The evening looks up when he spots a nice big mouse under the tree, with that oh-no-I'm-at-ground-zero look on its face. He draws his sword and is about to lunge, when foom the winged cat stoops on it. The winged one gives Brunalf a grin and takes off again.

Meanwhile, the gargoyle has been happily looming out of our upstairs windows, watching all this. He notes that the big, leafy hawk, further up the tree, has also been watching, taking a possibly culinary interest in his buddy Brunalf. Accordingly, the 800-pound gargoyle jumps out of the window and flaps over to the tree. The branch immediately starts to collapse under him.
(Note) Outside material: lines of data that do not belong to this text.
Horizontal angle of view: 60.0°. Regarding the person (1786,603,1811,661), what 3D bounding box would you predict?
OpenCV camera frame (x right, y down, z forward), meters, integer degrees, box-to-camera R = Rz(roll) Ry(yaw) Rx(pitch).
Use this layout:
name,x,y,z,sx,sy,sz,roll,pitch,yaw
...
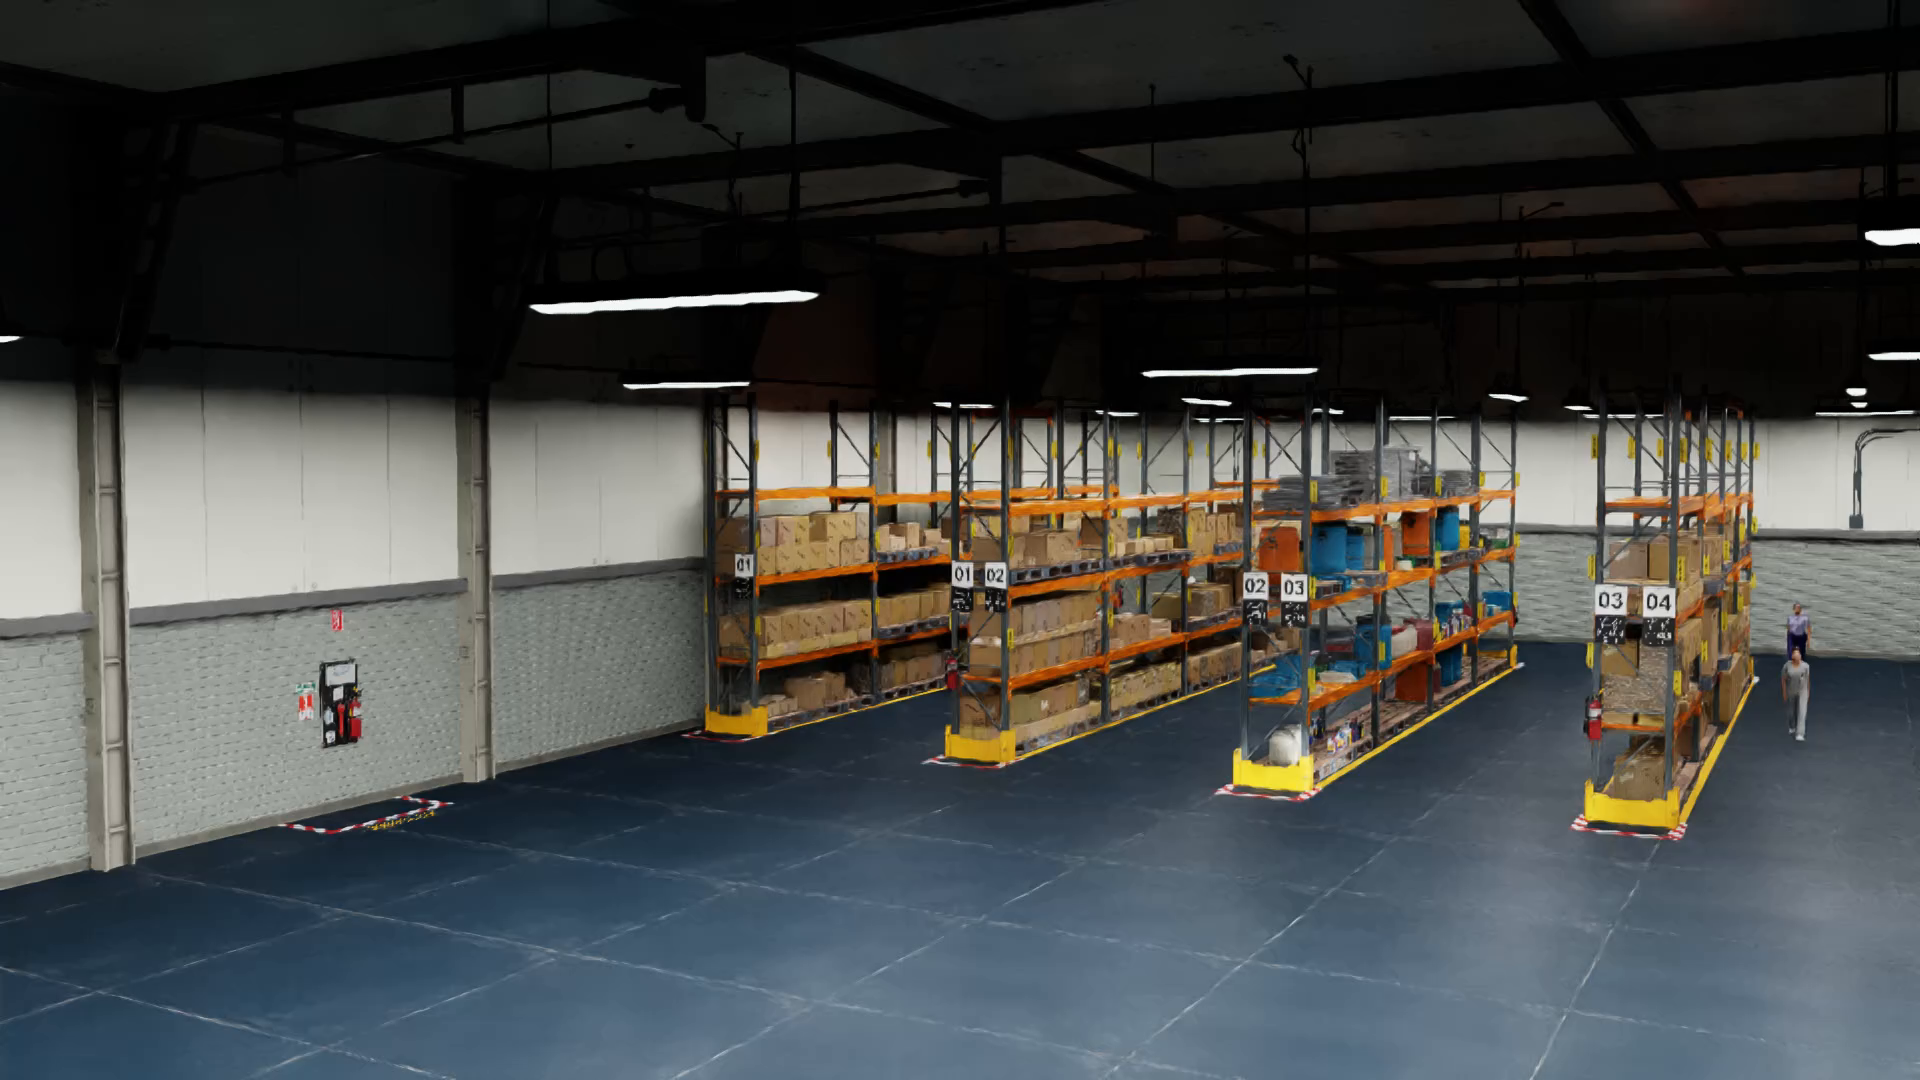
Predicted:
name,x,y,z,sx,sy,sz,roll,pitch,yaw
person,18.769,2.192,37.218,0.491,1.590,1.001,2,3,27

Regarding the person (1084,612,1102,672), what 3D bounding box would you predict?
name,x,y,z,sx,sy,sz,roll,pitch,yaw
person,2.891,2.175,36.389,0.677,1.742,0.552,2,3,27

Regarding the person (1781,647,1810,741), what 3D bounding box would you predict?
name,x,y,z,sx,sy,sz,roll,pitch,yaw
person,14.482,2.632,28.836,0.446,1.590,1.110,2,4,31

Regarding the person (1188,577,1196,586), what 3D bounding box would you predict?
name,x,y,z,sx,sy,sz,roll,pitch,yaw
person,6.042,1.804,43.334,0.543,1.698,1.115,2,4,31

He flaps madly.

Under the tree, Brunalf has begun to get the same awful feeling the mouse probably had. He remembers the leafy hawk. He looks up. It's stooping on him. With a big shadow behind it.

He bolts out of the way, just as the gargoyle hits the place he was standing. Milliseconds later, the hawk hits the same place. skritch Hawk talons don't do much to stone.

The gargoyle finds itself half embedded in loam, being fluttered at by a bird. The bird is simple; he bats it away. (Way, way, away.) The loam is harder. Soon, however, Markel flies over and notes the thumping and flapping, and the slightly hysterical sound of a cat laughing, despite being somewhat the worse for wear and losing his sword and one thumb-strap.

Markel and some dwarves from the inn eventually pry the gargoyle out. They get some version of the story from the cat, who retrieves his property, and everyone goes in, leaving the night to a bemused wolf and, somewhere in the middle distance, a badly contused hawk.